* **YOUR TASK**
Each line in the records below, from the one that contains "23) pallet [1270,46,1278,59]" to the one that contains "52) cardboard box [1488,21,1491,28]", should be reproduced exactly, the first and last included.

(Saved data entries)
>>>>>

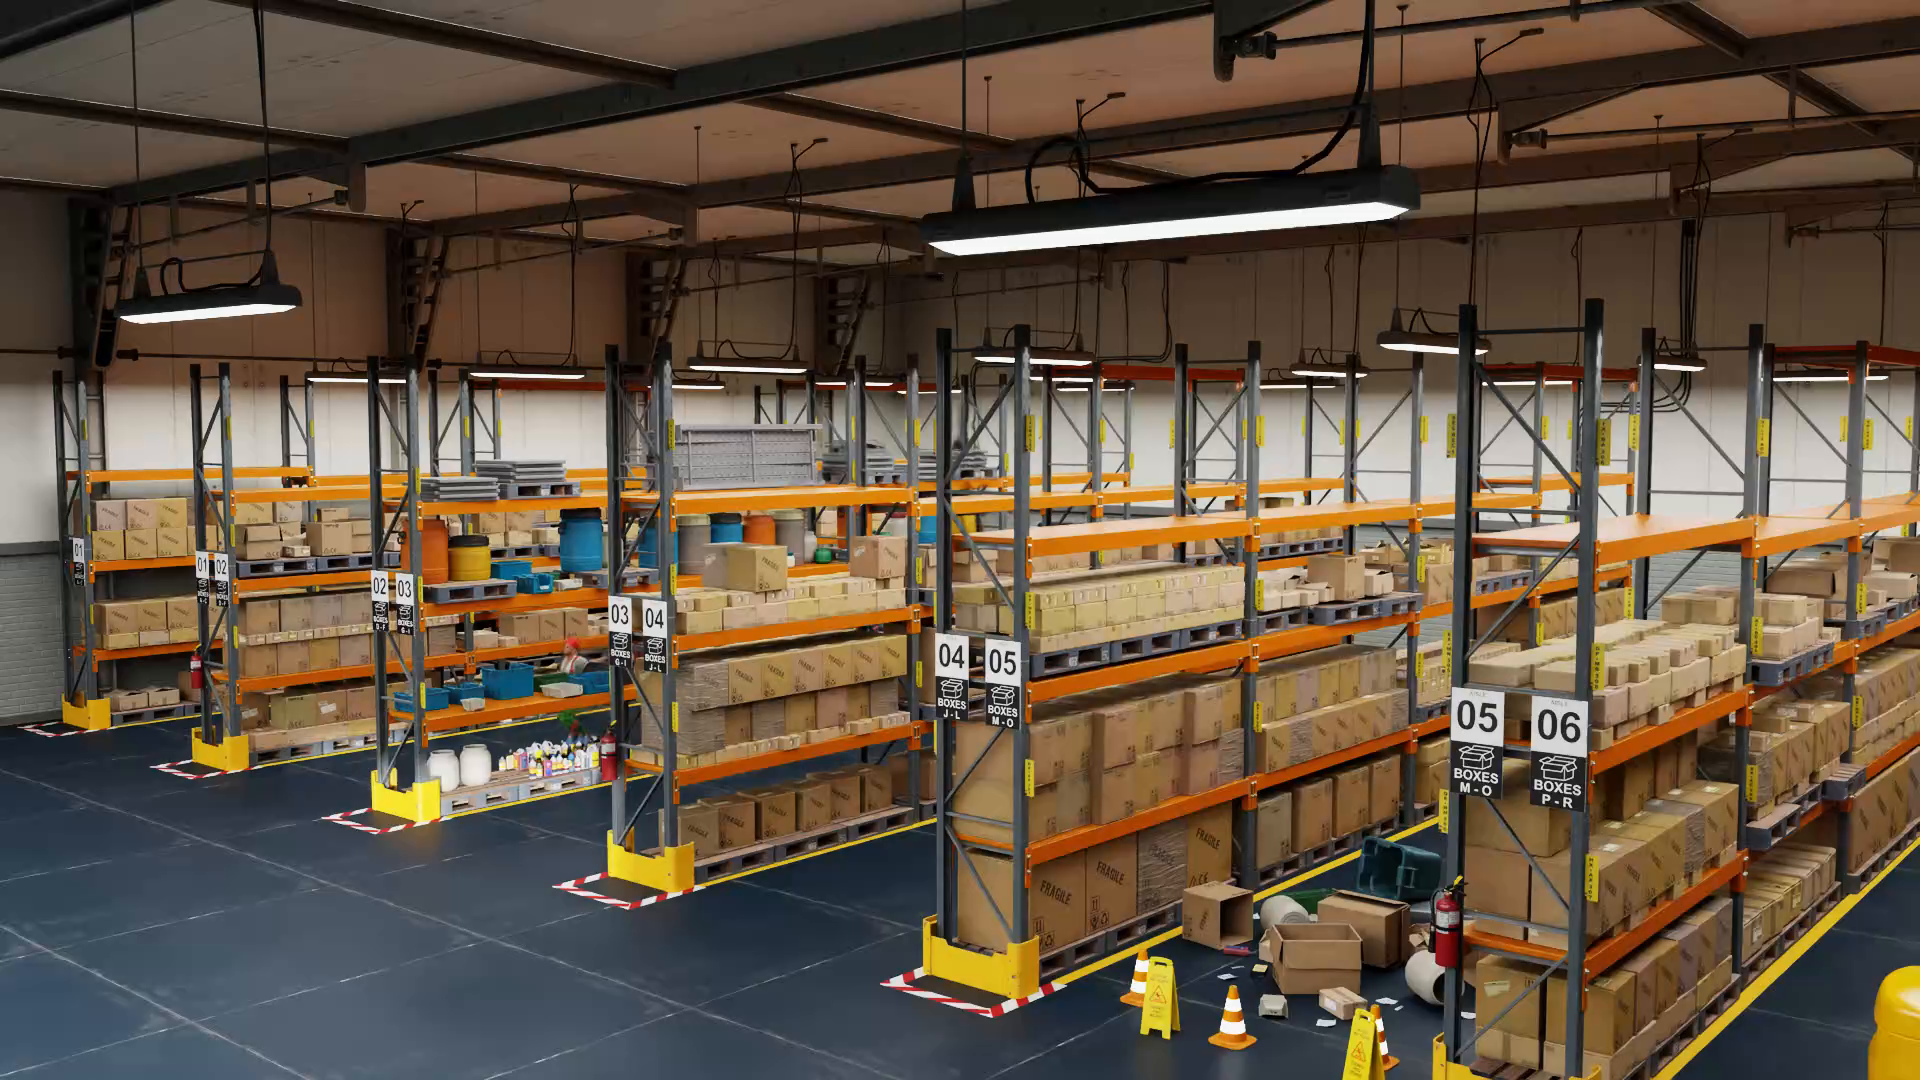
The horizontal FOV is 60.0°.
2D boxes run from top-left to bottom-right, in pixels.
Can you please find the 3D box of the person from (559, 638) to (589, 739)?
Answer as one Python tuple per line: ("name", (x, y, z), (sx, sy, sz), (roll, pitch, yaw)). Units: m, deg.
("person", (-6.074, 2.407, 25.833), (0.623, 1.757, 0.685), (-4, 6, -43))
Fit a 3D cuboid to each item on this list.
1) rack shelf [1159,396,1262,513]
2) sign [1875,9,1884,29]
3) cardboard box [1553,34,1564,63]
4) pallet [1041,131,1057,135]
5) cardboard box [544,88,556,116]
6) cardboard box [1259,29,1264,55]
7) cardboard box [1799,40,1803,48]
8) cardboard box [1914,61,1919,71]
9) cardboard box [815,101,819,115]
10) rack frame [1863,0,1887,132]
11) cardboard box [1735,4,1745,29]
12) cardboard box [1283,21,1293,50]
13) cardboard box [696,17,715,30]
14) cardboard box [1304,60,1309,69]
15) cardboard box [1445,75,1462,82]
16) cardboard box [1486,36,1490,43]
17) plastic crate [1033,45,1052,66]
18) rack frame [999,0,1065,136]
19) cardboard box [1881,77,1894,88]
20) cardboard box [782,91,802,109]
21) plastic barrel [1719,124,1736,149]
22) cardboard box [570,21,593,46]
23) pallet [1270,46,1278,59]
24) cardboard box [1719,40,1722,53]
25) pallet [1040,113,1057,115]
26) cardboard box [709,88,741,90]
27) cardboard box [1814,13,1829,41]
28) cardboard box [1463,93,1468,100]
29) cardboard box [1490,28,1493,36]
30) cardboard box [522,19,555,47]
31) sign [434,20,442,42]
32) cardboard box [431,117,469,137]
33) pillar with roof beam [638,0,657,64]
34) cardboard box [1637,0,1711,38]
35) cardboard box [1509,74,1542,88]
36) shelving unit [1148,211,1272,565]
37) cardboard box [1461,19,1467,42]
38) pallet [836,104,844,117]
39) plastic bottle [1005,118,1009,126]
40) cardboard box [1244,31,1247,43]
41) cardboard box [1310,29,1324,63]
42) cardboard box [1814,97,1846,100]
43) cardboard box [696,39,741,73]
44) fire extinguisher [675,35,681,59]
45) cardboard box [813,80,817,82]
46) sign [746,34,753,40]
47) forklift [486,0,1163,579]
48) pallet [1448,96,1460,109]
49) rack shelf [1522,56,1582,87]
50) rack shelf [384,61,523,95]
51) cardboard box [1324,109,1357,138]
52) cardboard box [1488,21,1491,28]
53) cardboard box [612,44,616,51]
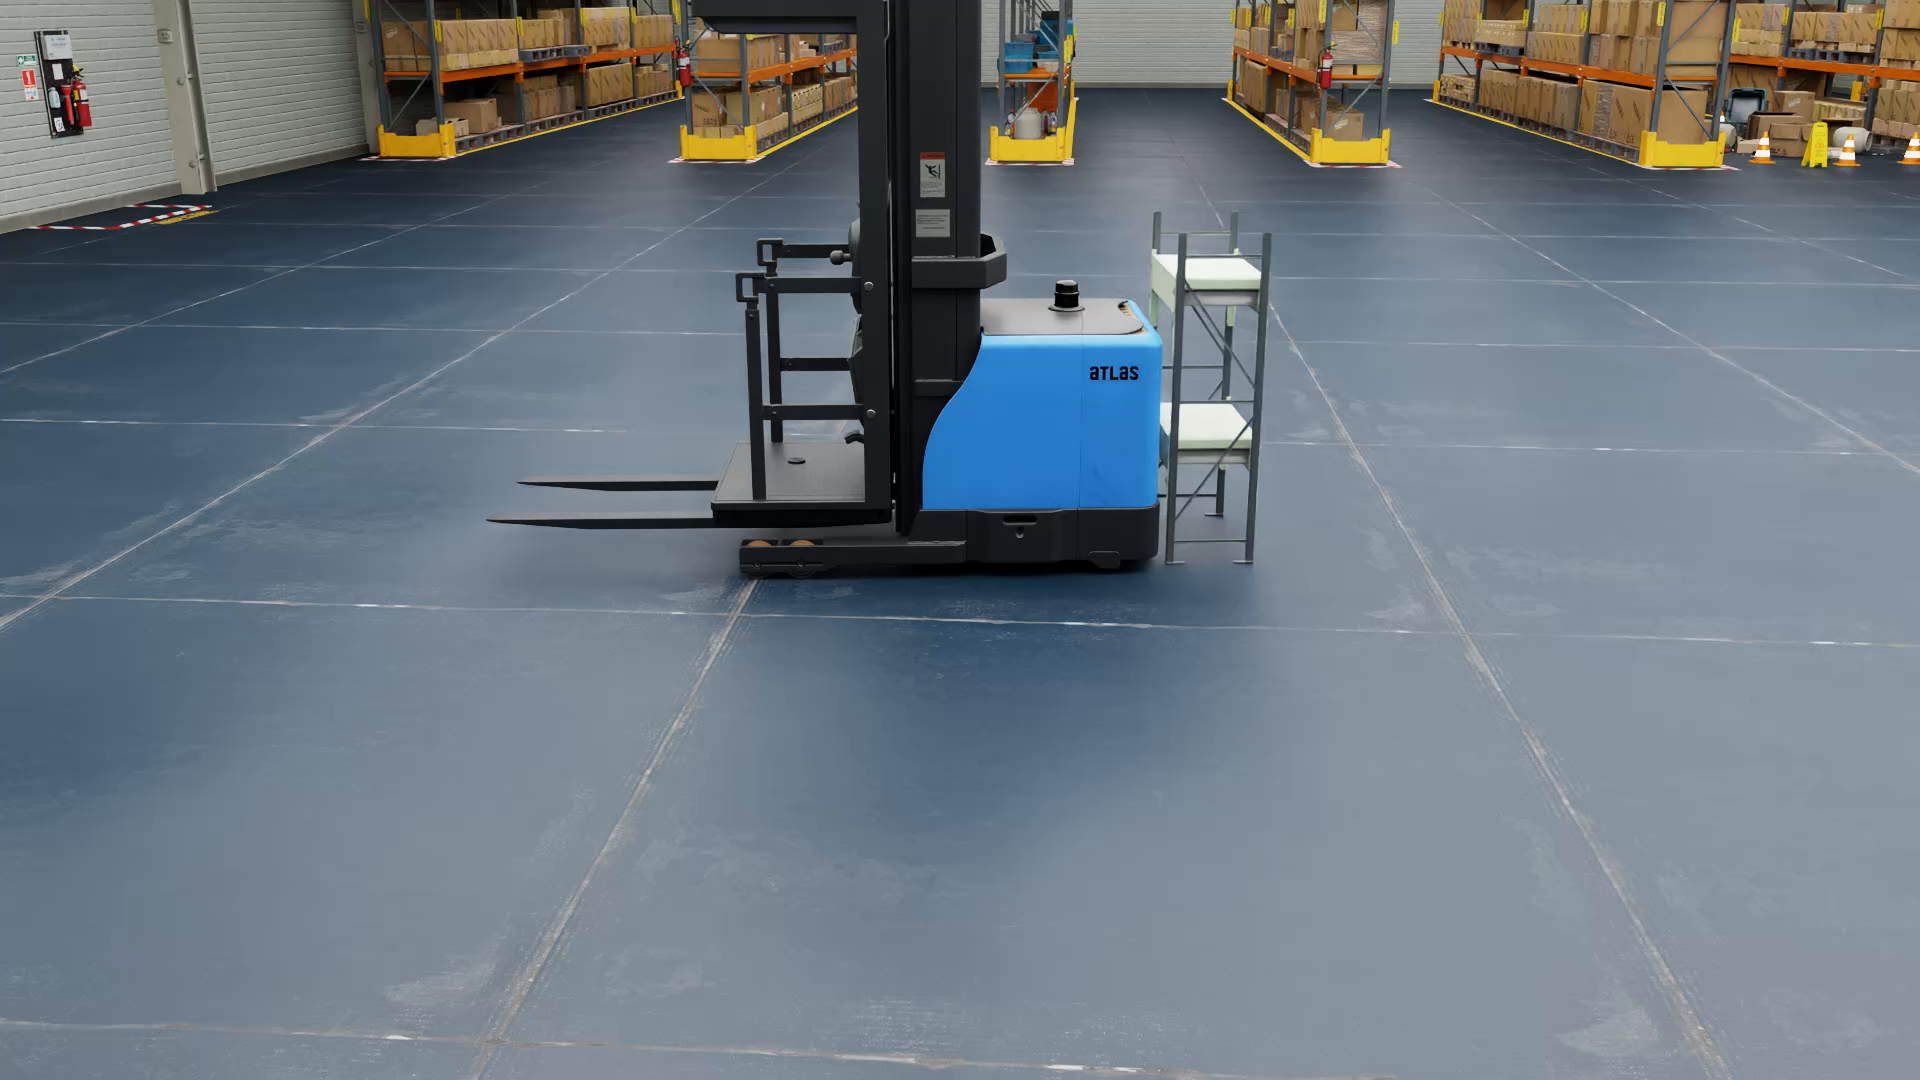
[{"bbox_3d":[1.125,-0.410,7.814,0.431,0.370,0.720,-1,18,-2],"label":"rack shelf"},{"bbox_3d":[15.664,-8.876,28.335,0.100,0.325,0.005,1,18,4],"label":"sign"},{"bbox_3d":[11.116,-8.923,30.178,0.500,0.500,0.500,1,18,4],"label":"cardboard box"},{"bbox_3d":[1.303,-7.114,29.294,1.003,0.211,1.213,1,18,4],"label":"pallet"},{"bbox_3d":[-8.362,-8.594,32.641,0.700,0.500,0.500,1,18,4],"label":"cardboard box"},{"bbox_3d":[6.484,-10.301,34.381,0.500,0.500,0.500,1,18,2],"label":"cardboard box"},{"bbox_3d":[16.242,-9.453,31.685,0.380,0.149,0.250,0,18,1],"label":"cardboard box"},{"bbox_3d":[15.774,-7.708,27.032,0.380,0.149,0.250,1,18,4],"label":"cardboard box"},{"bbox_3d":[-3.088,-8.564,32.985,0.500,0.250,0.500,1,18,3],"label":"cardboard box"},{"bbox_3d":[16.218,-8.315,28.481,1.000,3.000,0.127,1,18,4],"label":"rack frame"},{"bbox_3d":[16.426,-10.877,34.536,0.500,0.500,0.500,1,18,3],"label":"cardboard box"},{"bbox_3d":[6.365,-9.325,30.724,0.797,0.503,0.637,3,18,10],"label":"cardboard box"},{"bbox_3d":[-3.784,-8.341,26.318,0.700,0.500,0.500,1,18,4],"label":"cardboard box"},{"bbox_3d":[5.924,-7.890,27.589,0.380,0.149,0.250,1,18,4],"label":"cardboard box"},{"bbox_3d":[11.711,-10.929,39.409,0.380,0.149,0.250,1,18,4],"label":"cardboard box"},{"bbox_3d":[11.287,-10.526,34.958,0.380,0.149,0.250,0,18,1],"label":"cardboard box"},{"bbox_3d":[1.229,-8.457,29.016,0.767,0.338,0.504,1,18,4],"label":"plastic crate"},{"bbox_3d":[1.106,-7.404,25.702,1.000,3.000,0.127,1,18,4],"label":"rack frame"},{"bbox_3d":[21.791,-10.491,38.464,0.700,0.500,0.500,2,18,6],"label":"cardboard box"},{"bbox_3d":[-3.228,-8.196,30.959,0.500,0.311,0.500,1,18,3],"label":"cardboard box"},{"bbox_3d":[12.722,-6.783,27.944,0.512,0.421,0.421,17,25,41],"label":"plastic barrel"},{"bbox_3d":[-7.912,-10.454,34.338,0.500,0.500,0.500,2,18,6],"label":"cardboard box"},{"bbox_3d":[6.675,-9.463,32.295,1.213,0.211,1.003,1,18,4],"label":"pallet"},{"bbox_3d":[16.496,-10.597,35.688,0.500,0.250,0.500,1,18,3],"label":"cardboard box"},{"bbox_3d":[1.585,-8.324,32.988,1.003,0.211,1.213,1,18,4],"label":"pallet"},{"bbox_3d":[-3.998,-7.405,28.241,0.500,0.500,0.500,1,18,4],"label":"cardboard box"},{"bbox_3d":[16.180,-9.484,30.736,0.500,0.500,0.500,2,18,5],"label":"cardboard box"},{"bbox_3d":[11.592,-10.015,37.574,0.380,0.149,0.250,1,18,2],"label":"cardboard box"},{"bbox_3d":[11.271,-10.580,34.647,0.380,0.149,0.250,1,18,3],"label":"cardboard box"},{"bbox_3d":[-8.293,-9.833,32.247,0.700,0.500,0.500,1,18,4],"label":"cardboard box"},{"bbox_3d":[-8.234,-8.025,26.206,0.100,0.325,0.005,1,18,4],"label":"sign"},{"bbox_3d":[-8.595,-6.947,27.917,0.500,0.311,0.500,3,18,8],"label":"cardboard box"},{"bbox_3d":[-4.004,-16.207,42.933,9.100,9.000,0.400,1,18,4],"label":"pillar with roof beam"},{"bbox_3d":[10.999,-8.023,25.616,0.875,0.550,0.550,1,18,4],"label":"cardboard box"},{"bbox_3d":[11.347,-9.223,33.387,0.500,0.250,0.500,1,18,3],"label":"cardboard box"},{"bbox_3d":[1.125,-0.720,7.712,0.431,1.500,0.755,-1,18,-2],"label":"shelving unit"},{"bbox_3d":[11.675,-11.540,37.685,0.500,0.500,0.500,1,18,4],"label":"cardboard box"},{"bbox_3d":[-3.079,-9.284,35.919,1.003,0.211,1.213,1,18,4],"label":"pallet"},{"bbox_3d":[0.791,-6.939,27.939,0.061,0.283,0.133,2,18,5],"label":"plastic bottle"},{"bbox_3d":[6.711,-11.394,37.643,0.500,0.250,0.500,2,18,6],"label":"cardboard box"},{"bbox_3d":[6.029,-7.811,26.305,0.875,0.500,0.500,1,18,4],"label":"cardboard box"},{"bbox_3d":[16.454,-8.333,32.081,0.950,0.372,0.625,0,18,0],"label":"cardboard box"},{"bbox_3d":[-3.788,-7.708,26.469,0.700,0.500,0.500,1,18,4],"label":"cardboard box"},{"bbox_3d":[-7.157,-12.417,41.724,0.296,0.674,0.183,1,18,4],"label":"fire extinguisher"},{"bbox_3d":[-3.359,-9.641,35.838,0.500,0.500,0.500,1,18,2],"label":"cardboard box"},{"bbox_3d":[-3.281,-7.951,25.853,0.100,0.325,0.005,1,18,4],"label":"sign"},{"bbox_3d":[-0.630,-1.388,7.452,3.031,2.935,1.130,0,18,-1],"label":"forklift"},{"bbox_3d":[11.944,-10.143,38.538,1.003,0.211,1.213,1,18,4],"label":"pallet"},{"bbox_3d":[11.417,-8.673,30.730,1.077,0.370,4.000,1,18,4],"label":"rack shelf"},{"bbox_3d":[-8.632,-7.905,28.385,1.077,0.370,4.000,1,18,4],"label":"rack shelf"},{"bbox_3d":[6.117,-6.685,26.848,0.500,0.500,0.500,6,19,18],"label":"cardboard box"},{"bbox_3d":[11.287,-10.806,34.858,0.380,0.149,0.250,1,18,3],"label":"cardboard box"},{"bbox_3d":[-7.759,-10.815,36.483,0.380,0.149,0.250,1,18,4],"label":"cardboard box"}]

<<<<<

* **TASK RESULT**
23) pallet [1270,46,1278,59]
24) cardboard box [1719,40,1722,53]
25) pallet [1040,113,1057,115]
26) cardboard box [709,88,741,90]
27) cardboard box [1814,13,1829,41]
28) cardboard box [1463,93,1468,100]
29) cardboard box [1490,28,1493,36]
30) cardboard box [522,19,555,47]
31) sign [434,20,442,42]
32) cardboard box [431,117,469,137]
33) pillar with roof beam [638,0,657,64]
34) cardboard box [1637,0,1711,38]
35) cardboard box [1509,74,1542,88]
36) shelving unit [1148,211,1272,565]
37) cardboard box [1461,19,1467,42]
38) pallet [836,104,844,117]
39) plastic bottle [1005,118,1009,126]
40) cardboard box [1244,31,1247,43]
41) cardboard box [1310,29,1324,63]
42) cardboard box [1814,97,1846,100]
43) cardboard box [696,39,741,73]
44) fire extinguisher [675,35,681,59]
45) cardboard box [813,80,817,82]
46) sign [746,34,753,40]
47) forklift [486,0,1163,579]
48) pallet [1448,96,1460,109]
49) rack shelf [1522,56,1582,87]
50) rack shelf [384,61,523,95]
51) cardboard box [1324,109,1357,138]
52) cardboard box [1488,21,1491,28]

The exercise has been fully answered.